Un tesoro dimenticato in soffitta
Dimenticato in una soffitta per diversi decenni, un eccezionale vaso di porcellana cinese creato per l’imperatore Qianlong (1735-1796) è stato battuto martedì all’asta da Sotheby’s a Parigi per 16,2 milioni di euro. Questo pezzo storico, ignorato per anni, è un notevole esempio di arte imperiale cinese del XVIII secolo. I suoi proprietari non avevano idea del suo valore e il vaso è rimasto inattivo tra altri oggetti asiatici considerati semplici curiosità esotiche fino a quando la sua eccezionale importanza è stata finalmente riconosciuta dagli esperti di arte orientale.
Un record assoluto per Sotheby’s Parigi
Il vaso Qianlong, acquistato da un giovane offerente cinese presente in sala e che ha fatto la propria offerta, diventa “il record assoluto per un’opera venduta da Sotheby’s Parigi dall’apertura del mercato alle case d’asta straniere e il record per un pezzo di porcellana venduto in Francia”, secondo la casa d’aste.
Questo spettacolare risultato sottolinea il crescente interesse dei collezionisti, in particolare cinesi, per il recupero di importanti pezzi del loro patrimonio culturale sparsi in tutto il mondo. La vendita si è svolta in un’atmosfera elettrica, con offerte che sono rapidamente salite ben oltre le stime iniziali.
Un’opera d’arte eccezionale
Stimato tra i 500.000 e i 700.000 euro, il vaso è in perfette condizioni e presenta una decorazione policroma dominata dai toni del rosa. È decorato con un notevole paesaggio di cervi e gru circondati da pini contorti e cime coperte di nebbia. Sotto la base è presente un “marchio di regno” a sei caratteri.

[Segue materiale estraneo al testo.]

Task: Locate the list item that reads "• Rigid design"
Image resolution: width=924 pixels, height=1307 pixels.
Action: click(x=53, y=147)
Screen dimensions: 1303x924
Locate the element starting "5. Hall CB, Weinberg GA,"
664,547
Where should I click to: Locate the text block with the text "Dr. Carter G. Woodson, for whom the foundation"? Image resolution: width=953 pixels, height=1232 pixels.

La finezza della lavorazione testimonia l’incomparabile abilità degli artigiani imperiali del periodo Qianlong, considerato l’apogeo dell’arte della porcellana cinese, quando la raffinatezza tecnica e l’estetica raggiunsero vette ineguagliabili.
Una scoperta paragonabile a un Caravaggio
“Questo vaso è l’unico conosciuto al mondo con un tale dettaglio. È un’opera d’arte importante; è come scoprire un Caravaggio”, ha dichiarato Olivier Valmier, banditore d’asta specializzato in arte asiatica, alla presentazione dell’opera.
Trasportato a Sotheby’s in una semplice scatola di scarpe, si dice che sia stato acquistato in Francia alla fine del XIX secolo e “conservato” con altre “cineserie” nella soffitta della casa di campagna di una famiglia che non lo apprezzava molto. Questo confronto con un grande maestro occidentale illustra perfettamente il valore artistico e storico di questo pezzo unico.
Una rarità assoluta
Solo quattro vasi con questo tipo di paesaggio sono documentati nella produzione delle officine imperiali. Un pezzo di forma e stile simili, ma senza gru, si trova al Musée Guimet di Parigi. I pezzi imperiali del periodo Qianlong sono particolarmente ricercati.
Una ciotola in porcellana famille rose è stata venduta per 30,4 milioni di dollari da Sotheby’s Hong Kong in aprile. L’estrema rarità spiega in gran parte la frenesia delle offerte e il prezzo straordinario raggiunto da questo vaso, oggi considerato un esempio emblematico dell’arte cinese del XVIII secolo.
Un mercato in espansione
Un sigillo imperiale dello stesso periodo aveva stabilito un record mondiale di 21 milioni di euro nel dicembre 2016 in una vendita a Parigi. Quest’ultima spettacolare offerta conferma la forte tendenza del mercato dell’arte cinese antica, in particolare per i pezzi imperiali di altissima qualità.
Una delle ragioni principali è il desiderio dei collezionisti e delle istituzioni cinesi di rimpatriare il proprio patrimonio culturale e artistico, disperso da secoli nelle collezioni occidentali. Questa dinamica continua a spingere i prezzi verso nuove vette, ridefinendo la gerarchia dei valori sul mercato internazionale dell’arte.
Conclusione
La storia di questo vaso Qianlong illustra perfettamente come un tesoro artistico possa passare dalla totale oscurità al riconoscimento mondiale nel giro di poche ore. Dalla polverosa soffitta di una casa di campagna francese ai riflettori di un’asta internazionale, questo capolavoro di porcellana cinese ha avuto un destino tanto improbabile quanto affascinante.
Il suo viaggio ci ricorda che i veri tesori possono ancora essere nascosti nelle nostre soffitte e che la competenza artistica rimane essenziale per identificare questi gioielli dimenticati del patrimonio mondiale, che possono trasformare la vita dei loro proprietari e arricchire la nostra conoscenza della storia dell’arte.